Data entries
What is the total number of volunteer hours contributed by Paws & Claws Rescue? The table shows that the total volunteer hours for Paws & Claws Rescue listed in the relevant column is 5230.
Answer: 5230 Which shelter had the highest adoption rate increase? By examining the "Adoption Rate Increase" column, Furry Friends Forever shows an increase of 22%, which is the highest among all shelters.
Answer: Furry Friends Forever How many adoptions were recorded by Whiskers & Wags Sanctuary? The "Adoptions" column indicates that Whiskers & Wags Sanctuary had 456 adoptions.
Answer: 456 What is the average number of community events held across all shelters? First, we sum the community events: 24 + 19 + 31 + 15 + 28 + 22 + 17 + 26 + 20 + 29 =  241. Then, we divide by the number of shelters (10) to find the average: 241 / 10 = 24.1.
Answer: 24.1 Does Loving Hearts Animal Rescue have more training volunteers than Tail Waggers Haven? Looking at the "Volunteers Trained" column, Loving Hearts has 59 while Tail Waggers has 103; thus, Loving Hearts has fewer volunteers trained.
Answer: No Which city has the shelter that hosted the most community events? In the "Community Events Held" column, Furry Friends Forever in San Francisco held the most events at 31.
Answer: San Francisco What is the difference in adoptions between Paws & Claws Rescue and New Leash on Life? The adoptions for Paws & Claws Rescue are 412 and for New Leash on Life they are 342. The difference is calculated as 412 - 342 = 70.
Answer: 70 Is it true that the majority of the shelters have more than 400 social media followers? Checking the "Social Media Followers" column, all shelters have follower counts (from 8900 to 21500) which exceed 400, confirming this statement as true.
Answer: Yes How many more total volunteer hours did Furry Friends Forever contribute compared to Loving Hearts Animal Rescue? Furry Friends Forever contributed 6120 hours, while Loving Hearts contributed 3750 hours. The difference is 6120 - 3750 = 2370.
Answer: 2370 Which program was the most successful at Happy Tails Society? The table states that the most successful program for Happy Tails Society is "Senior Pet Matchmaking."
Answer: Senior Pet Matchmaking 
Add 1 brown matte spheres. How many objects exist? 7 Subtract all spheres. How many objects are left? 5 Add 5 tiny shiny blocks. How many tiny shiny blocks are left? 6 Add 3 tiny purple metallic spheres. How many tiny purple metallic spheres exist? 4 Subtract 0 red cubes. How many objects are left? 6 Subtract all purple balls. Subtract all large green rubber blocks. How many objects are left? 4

---

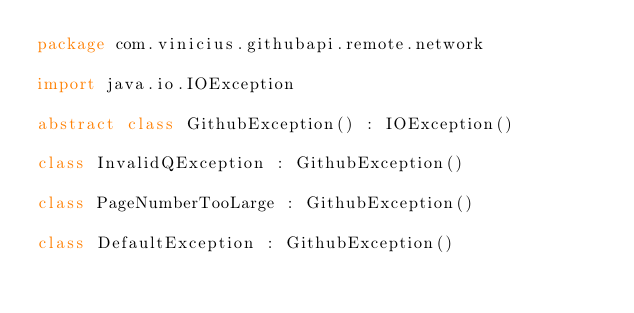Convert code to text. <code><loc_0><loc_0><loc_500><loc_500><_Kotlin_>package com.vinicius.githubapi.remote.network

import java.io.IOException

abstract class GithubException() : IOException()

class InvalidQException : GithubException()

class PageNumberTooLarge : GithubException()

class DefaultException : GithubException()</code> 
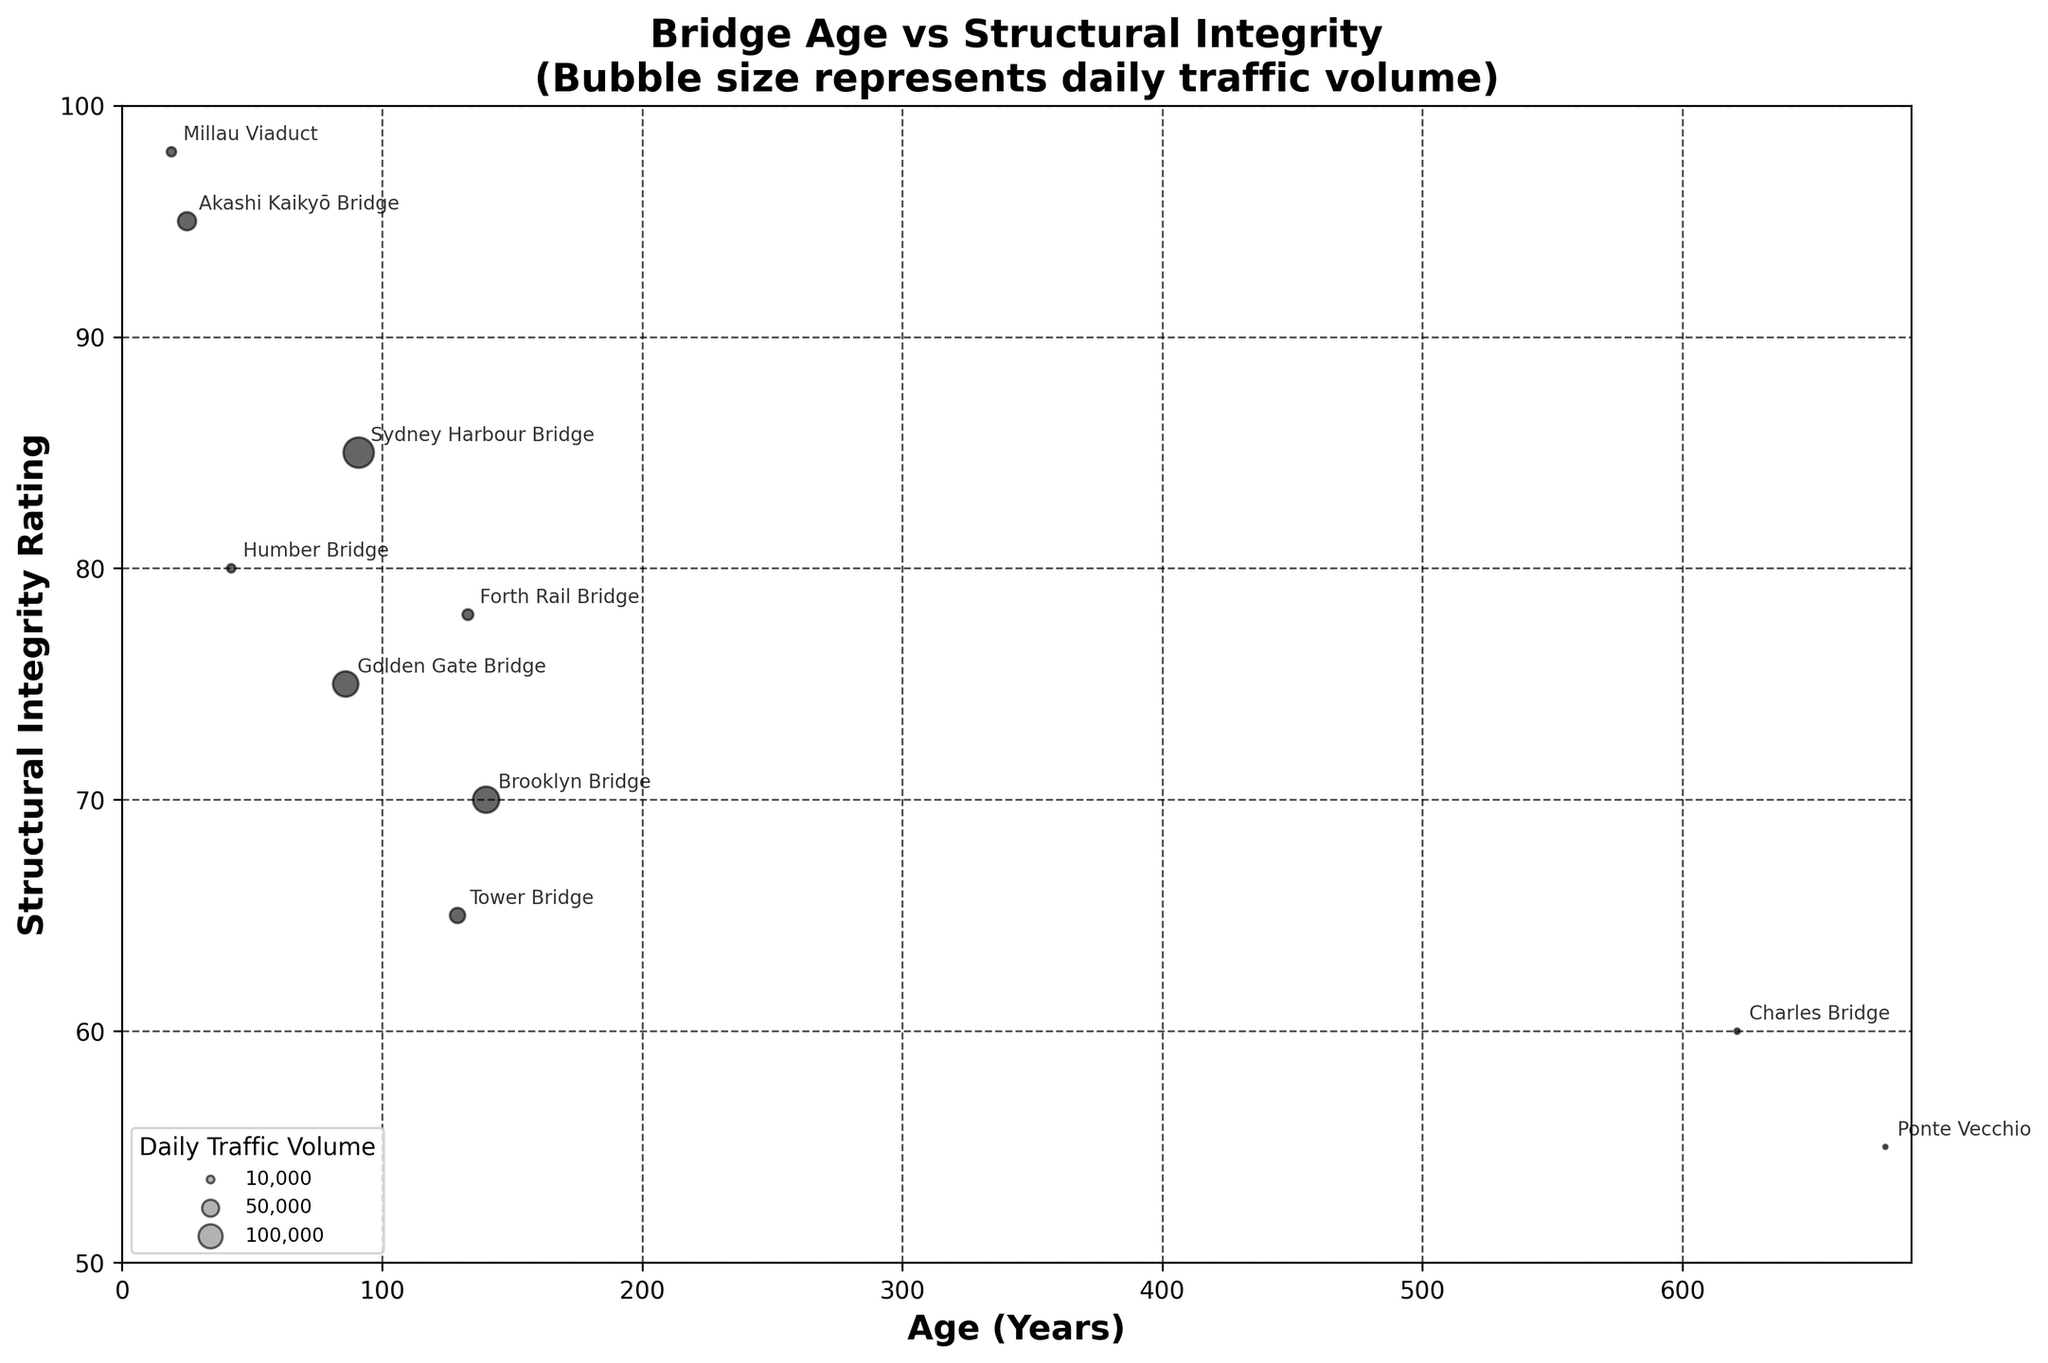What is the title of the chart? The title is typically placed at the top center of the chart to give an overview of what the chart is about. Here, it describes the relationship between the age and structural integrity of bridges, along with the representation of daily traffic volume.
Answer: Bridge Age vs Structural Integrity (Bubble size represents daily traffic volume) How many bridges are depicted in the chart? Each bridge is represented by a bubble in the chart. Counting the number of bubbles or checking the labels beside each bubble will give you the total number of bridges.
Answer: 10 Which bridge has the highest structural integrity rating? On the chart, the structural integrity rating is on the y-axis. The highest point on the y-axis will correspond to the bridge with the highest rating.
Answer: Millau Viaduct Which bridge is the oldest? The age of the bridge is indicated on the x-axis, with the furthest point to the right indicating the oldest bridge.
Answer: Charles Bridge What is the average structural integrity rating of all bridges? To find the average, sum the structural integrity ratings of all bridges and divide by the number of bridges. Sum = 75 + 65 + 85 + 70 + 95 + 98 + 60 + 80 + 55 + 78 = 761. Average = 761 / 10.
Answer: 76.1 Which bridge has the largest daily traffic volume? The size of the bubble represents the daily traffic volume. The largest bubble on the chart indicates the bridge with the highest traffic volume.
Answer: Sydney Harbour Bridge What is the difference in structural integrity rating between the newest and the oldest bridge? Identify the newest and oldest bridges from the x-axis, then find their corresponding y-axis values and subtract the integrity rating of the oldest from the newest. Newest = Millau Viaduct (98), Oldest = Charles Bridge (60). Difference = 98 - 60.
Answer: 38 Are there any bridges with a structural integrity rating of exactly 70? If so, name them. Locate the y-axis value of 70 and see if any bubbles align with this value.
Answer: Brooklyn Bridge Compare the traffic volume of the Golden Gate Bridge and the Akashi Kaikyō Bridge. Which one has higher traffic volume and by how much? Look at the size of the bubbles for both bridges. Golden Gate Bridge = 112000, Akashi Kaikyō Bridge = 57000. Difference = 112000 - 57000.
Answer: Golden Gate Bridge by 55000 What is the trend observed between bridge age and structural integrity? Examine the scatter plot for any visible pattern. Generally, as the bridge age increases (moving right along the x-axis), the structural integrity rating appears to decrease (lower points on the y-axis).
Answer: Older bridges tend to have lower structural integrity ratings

ACTIVITY ▸ Only lines with the word "Animal" are wanted; pull each of them from the records.

TASK RESPONSE ▸
Answer: 24.1 Does Loving Hearts Animal Rescue have more training volunteers than Tail Waggers Haven? Looking at the "Volunteers Trained" column, Loving Hearts has 59 while Tail Waggers has 103; thus, Loving Hearts has fewer volunteers trained.
Answer: Yes How many more total volunteer hours did Furry Friends Forever contribute compared to Loving Hearts Animal Rescue? Furry Friends Forever contributed 6120 hours, while Loving Hearts contributed 3750 hours. The difference is 6120 - 3750 = 2370.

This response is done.